The third paper addressed the question of whether the non-coding RNA PTENP1 has a functional role in breast cancer through ceRNA interactions. We found a diverging role for PTENP1 that was dependent on the tumor´s ER status. PTENP1 overexpression increased both the PTEN transcript and PTEN protein in ER negative cell lines, while ER positive cell lines had decreased PTEN transcript and unchanged PTEN expression subsequent to pseudogene transduction. By implanting PTENP1- overexpressing breast cancer cells in mice, PTENP1 reduced tumor growth in ER negative breast cancer, while it increased tumor growth in ER positive breast cancer. This effect seemed unrelated to PI3K signaling, but rather related to AP2γ and ERsignaling. PTENP1 overexpression increased expression of hsa-miR-26a and profoundly decreased the hsa-miR-26a target ESR1 and thereby ERα expression in the ER positive MCF7. There was also a clinical correlate to this finding, where data from the TCGA database demonstrated that breast tumors with upregulated PTENP1 expression exhibited lower ERα expression than breast tumors with normal or no PTENP1 expression.

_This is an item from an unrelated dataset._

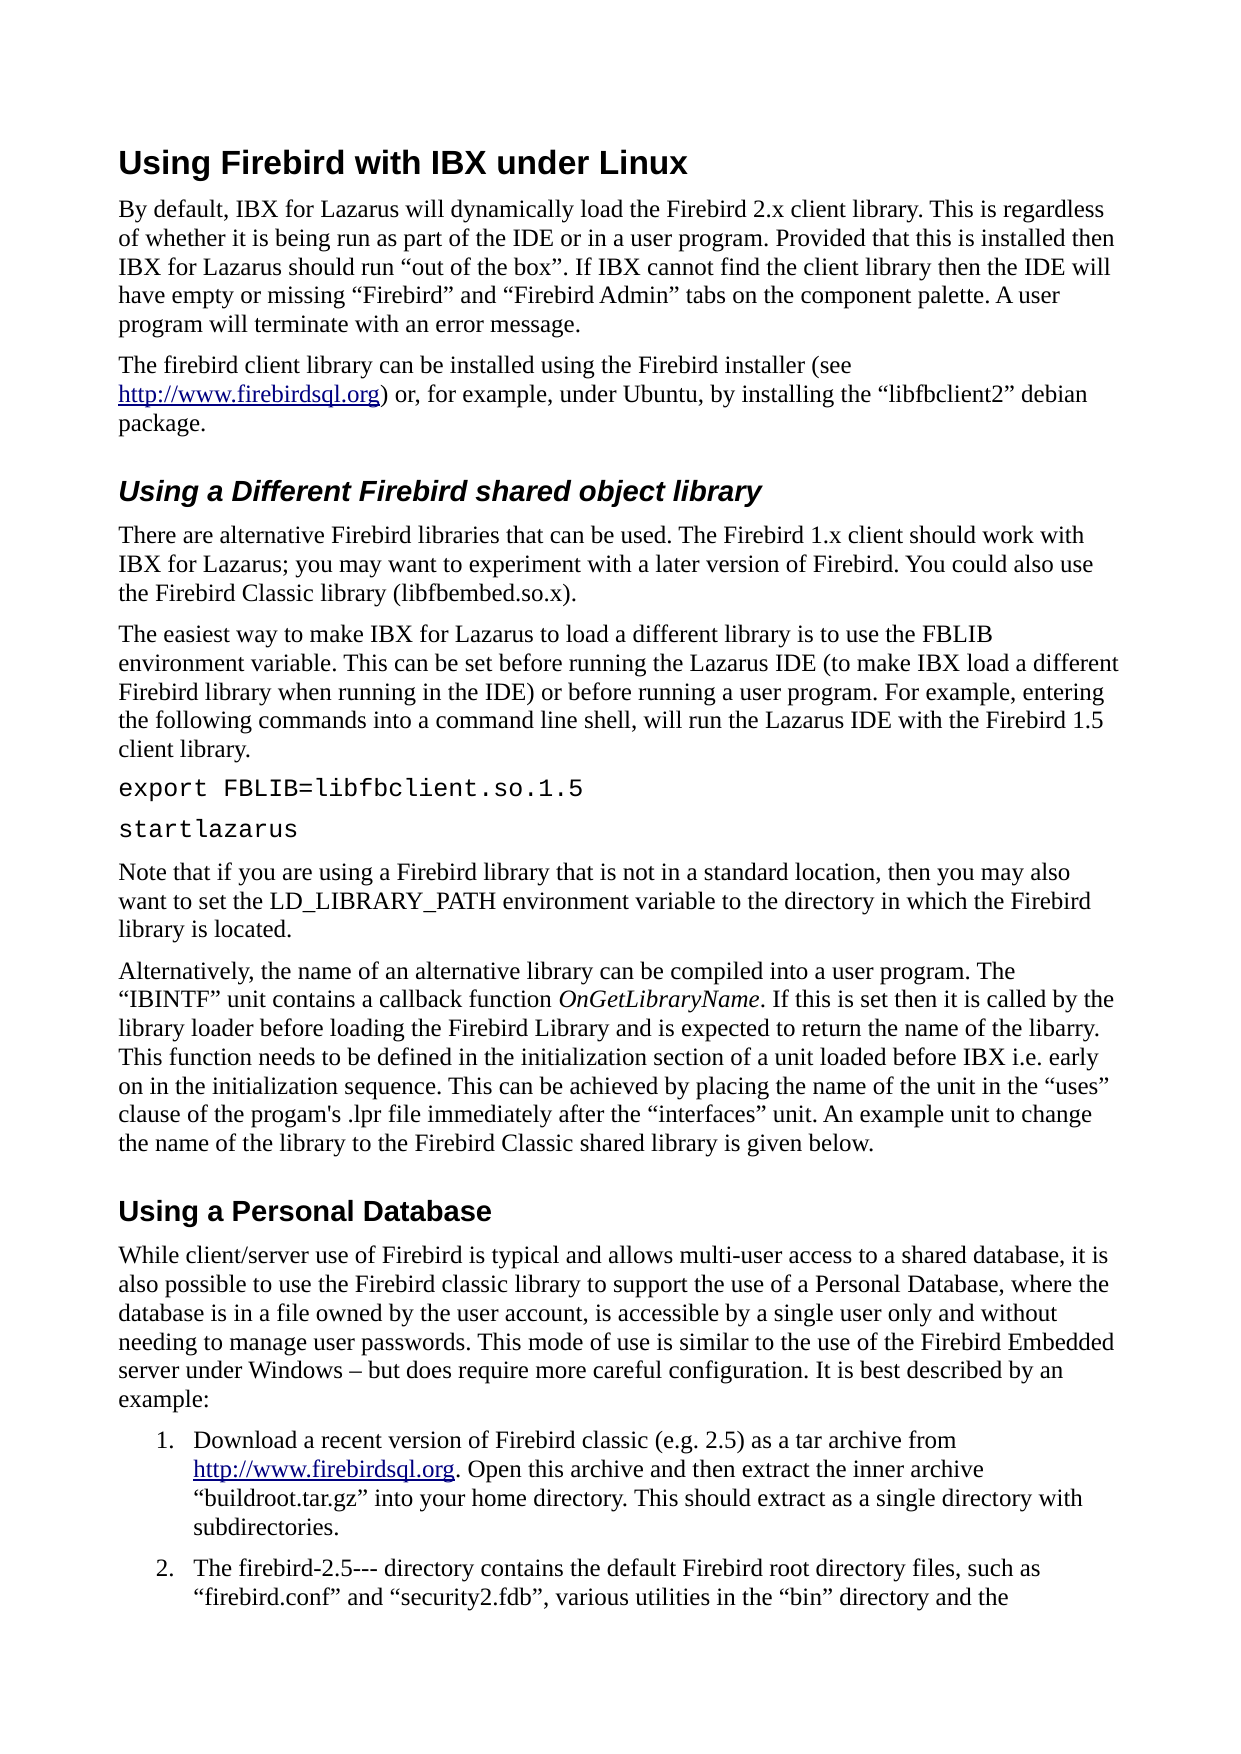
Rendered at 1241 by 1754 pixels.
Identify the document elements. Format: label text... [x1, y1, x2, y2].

Conclusion and implications: We found a high PTEN gene expression to be associated with worse prognosis for patients with breast cancers harboring preserved p53 function. The finding that a high level of PTEN expression is a marker for bad prognosis in breast cancer is surprising, but indicates that PTEN transcripts may not only influence PTEN protein levels and PI3K signaling, but also interact with other biological mechanisms to promote tumor progression. The interaction between PTEN and TP53 seems essential in this context. Also, we demonstrate that ceRNA interactions are implicated in PTEN regulation, via its pseudogene PTENP1, and this interaction is fundamentally dependent on the tumor´s estrogen receptor status. Furthermore, in estrogen receptor positive breast cancers, upregulated PI3K signaling, and in particular Akt activation, seems to play a key role in resistance to anthracycline treatment, and potentially Akt inhibitors could be introduced in this setting to target chemoresistance.